To formalise how I think about these problems look at the rough diagram attached. Thick horizontal lines are hard breaks for any chance of concurrency, in SSE term we have to wait for the pipeline to empty before we can begin the next operation. If I manipulate self at the top of the diagram to extract W then I introduce another op before I can fill the lines with the singles and shuffle ops. Delaying the load and shuffle of W should allow the op path to reduce by one. Look at all the chance there are for the pipline optimiser to give us that W shuffle operation for free. There may be a more optimal place to do the load W, i.e. where concurrency is poor, than I have placed it at the moment, but I was just 'getting the balls green" when I wrote that.

diagram1

Its a lot easier just doing this in my head that describing how I do it :)

dicepd commented 6 years ago

Now I have that diagram I can see another optimsation which gets rid of the Mask Res line.
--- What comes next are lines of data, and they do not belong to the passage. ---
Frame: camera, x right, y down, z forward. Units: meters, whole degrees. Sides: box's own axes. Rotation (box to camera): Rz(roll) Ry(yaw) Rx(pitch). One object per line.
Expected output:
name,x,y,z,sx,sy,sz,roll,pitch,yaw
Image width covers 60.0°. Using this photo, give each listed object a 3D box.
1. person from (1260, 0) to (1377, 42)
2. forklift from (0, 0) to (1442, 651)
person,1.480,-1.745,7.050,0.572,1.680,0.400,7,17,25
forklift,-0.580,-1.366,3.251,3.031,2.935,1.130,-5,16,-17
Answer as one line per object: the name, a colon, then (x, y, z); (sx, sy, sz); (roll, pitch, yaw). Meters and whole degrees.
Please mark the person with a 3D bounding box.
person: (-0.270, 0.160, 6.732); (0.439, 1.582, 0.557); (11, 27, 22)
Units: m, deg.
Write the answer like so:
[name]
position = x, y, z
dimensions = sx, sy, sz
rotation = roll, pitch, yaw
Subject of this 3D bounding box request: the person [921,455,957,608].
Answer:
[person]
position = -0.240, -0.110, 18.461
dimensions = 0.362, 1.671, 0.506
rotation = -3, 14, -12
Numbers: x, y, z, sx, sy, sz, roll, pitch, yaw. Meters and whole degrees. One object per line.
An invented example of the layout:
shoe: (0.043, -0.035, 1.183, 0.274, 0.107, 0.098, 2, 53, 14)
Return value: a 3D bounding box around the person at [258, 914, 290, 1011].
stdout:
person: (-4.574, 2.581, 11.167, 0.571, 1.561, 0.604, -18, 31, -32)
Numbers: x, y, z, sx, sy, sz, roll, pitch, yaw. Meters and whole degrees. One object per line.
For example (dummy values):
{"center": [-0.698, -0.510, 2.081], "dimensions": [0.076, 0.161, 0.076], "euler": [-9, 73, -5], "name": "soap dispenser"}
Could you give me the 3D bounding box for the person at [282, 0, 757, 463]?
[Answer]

Change shuffle F1 to |0|F1|F1|F1| xmm order and F2 similar the we have cleared all W to 0.

That gave me an increase from 6.8 -> 7.7 on speed factor. :) and this is now hmg safe.

Combine is optimised to rid of above. :( silly mistake when you have set the V2.W to 0 and are just added self.

jdelauney commented 6 years ago

To formalise how I think about these problems look at the rough diagram attached Its a lot easier just doing this in my head that describing how I do it :)

Ok i understand a little bit more. we have a lattency (some docs i'read are a little bit clear in my mind, now) on the subject with SSE

Combine is optimised to rid of above. :( silly mistake when you have set the V2.W to 0 and are just added self.

Yes by comparing with my code i understand and see where was my error :)

jdelauney commented 6 years ago

With the same trick it will be easy for manage affine vector in an Hmg vector and ensure the result of op, no ?

jdelauney commented 6 years ago

Ok i made the changes in win64 imp and retest timing i've always sigsegv RDX (the result) become unaligned at one point. Changing movdqa by movdqu [Result], xmm0 solve the problem and all are green

dicepd commented 6 years ago

Combine is optimised to rid of above. :( silly mistake when you have set the V2.W to 0 and are just added self.

That was my silly mistake not yours ;)

jdelauney commented 6 years ago

So it's ok with movdqa now, just added {$CODEALIGN LOCALMIN=16} in vector4iTimingTest unit 👍